- **The task**
Find the line containing "Same again for the blue" in the records below. Copy exactly that line and each one after it, ending at the line containing "For each item", and nothing more.

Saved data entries
========================

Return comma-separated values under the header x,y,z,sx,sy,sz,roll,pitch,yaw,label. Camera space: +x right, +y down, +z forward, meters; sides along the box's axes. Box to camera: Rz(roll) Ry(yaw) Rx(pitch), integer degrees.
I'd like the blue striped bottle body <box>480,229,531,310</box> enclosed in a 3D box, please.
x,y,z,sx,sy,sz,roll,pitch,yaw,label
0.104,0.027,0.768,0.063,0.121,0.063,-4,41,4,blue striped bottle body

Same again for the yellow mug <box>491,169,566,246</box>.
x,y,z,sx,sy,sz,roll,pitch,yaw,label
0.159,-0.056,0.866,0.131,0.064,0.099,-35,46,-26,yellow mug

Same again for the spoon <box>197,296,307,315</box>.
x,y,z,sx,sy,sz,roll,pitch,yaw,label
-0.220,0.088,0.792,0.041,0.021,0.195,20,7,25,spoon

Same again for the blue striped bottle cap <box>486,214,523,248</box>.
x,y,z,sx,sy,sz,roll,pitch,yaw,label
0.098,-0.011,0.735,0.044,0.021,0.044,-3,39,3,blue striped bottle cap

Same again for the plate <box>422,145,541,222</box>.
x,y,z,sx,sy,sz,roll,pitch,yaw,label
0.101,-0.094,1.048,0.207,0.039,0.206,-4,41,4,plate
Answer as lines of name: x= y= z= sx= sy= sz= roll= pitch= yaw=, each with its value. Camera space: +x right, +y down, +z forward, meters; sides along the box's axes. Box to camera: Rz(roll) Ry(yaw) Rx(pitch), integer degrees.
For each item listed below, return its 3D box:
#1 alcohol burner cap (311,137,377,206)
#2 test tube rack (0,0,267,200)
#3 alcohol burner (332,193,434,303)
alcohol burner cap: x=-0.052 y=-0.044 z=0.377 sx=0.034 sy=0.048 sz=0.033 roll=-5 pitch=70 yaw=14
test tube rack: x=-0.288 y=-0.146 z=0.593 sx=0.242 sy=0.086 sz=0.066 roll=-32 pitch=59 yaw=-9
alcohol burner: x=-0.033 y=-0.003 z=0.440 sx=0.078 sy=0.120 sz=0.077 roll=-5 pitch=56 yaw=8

========================

- **Answer to this task**
Same again for the blue striped bottle cap <box>486,214,523,248</box>.
x,y,z,sx,sy,sz,roll,pitch,yaw,label
0.098,-0.011,0.735,0.044,0.021,0.044,-3,39,3,blue striped bottle cap

Same again for the plate <box>422,145,541,222</box>.
x,y,z,sx,sy,sz,roll,pitch,yaw,label
0.101,-0.094,1.048,0.207,0.039,0.206,-4,41,4,plate
Answer as lines of name: x= y= z= sx= sy= sz= roll= pitch= yaw=, each with its value. Camera space: +x right, +y down, +z forward, meters; sides along the box's axes. Box to camera: Rz(roll) Ry(yaw) Rx(pitch), integer degrees.
For each item listed below, return its 3D box:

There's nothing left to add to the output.